Baleen Analytics

Large-scale filtering of data provides serendipitous surprises.

Pat Helland

Baleen is a substance found in the mouths of the largest whales in the ocean. Similar to fingernails in its construction, baleen is used as a giant filter that allows these whales to scoop up vast amounts of seawater, while keeping the nutritious krill and other sea life as food. Krill are small crustaceans similar to shrimp. I think of them as "shrimpy" shrimp, yet they provide a large portion of the food consumed by the largest animals on earth.

Escaping the Singularity: Baleen Analytics

Like these whales, data analytics is increasingly hoovering up anything it can find without regard to shape, form, or schema. By ingesting anything and everything, oblivious to its provenance or hygiene, we are finding patterns and insights that weren't available before. This is greatly accommodated by keeping the data in JSON, XML, Avro, or other semi-structured forms.

This article explores the implications of this "late-bound" schema for both data analytics and for messaging between services and microservices. It seems that a pretty good understanding among many different sources allows more flexibility and interconnectivity. Increasingly, flexibility dominates perfection.

Devolving to the Future

In the mid-'90s, I helped build the architecture for the world's first transactional N-tier application platform. It was a fantastic team and one of the highlights of my career. Application developers created components and interfaces to them. Components were deployed across multiple servers with dynamic activation and load balancing as work flowed across clients, servers, and multiple databases with well-defined transactional behavior. RPCs (remote procedure calls) were based on the method calls in the interfaces, which were defined in advance.

We had many raucous and lively debates about the tradeoffs between early- and late-bound interfaces. Early-bound interfaces are defined in advance. They specify the set of methods, access-control policies, and all that is needed to invoke a persnickety service that must have everything perfect to process a remote method call. Early-bound interfaces are kept in some form of shared repository where they may be sucked up by potential clients that will ensure perfect compliance. In many ways, this mirrored how components are used to compose monolithic single-process applications. Many of us thought that early binding was the ultimate evolutionary step for interfaces, providing the most intimate semantics for interchange.

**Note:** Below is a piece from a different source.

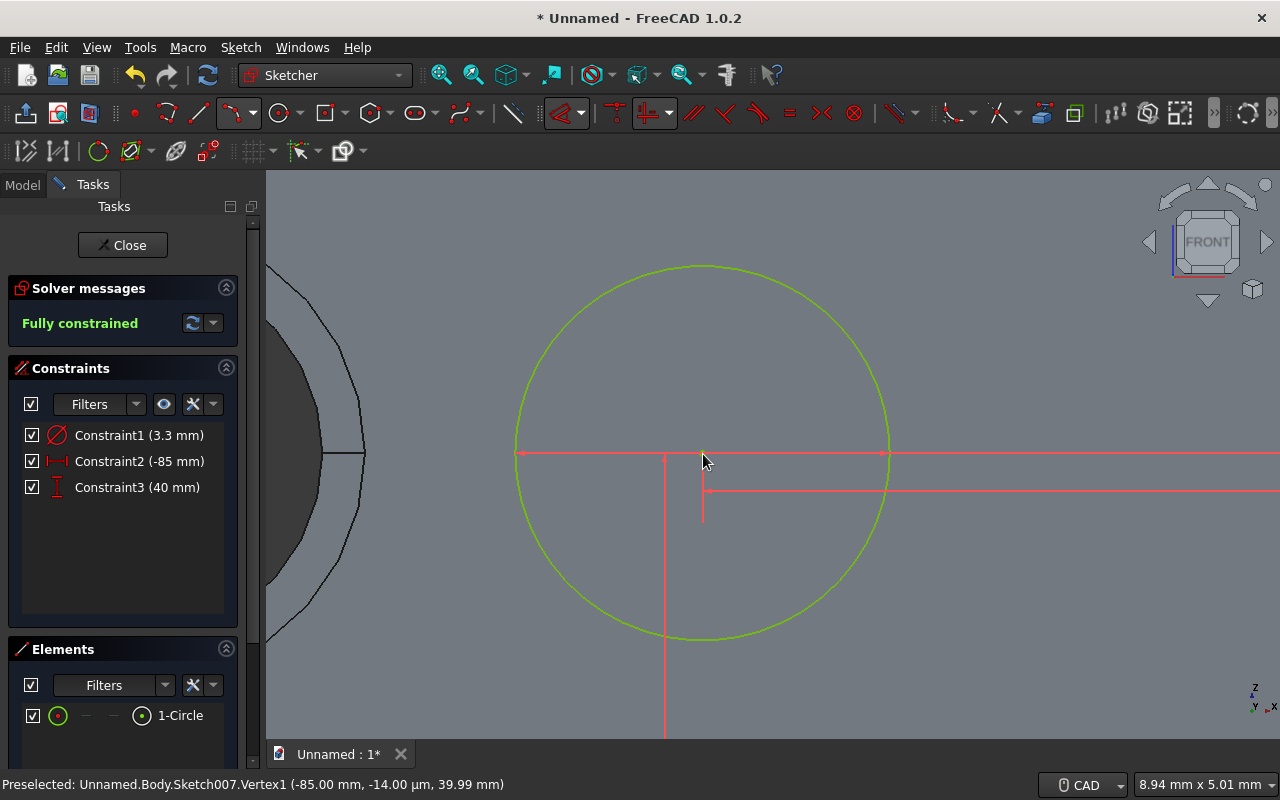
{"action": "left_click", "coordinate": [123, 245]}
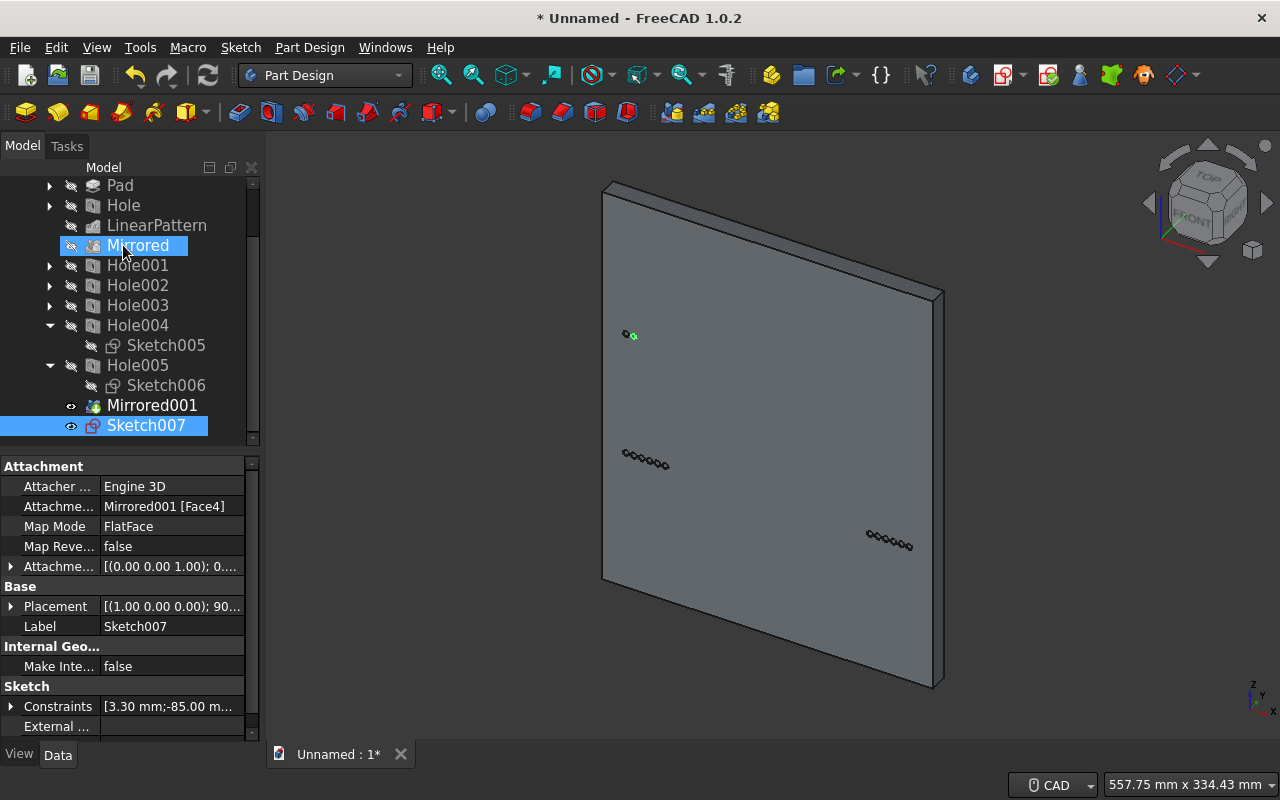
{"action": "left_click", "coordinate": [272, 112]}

In contrast, late-bound interfaces are far more loosey-goosey. A target service may document the approximate formats required in the semi-structured messages sent to a service. The service will take this information and figure out what it can, well, figure out. Usually, this works pretty well. Frequently, the target service is gradually enhanced to do a better job of scratching its head to make the most of the barely understandable garbage it receives from callers. Both SOAP (Simple Object Access Protocol) in its earliest incarnation and REST (Representational State Transformation) are examples of late-bound interface mechanisms.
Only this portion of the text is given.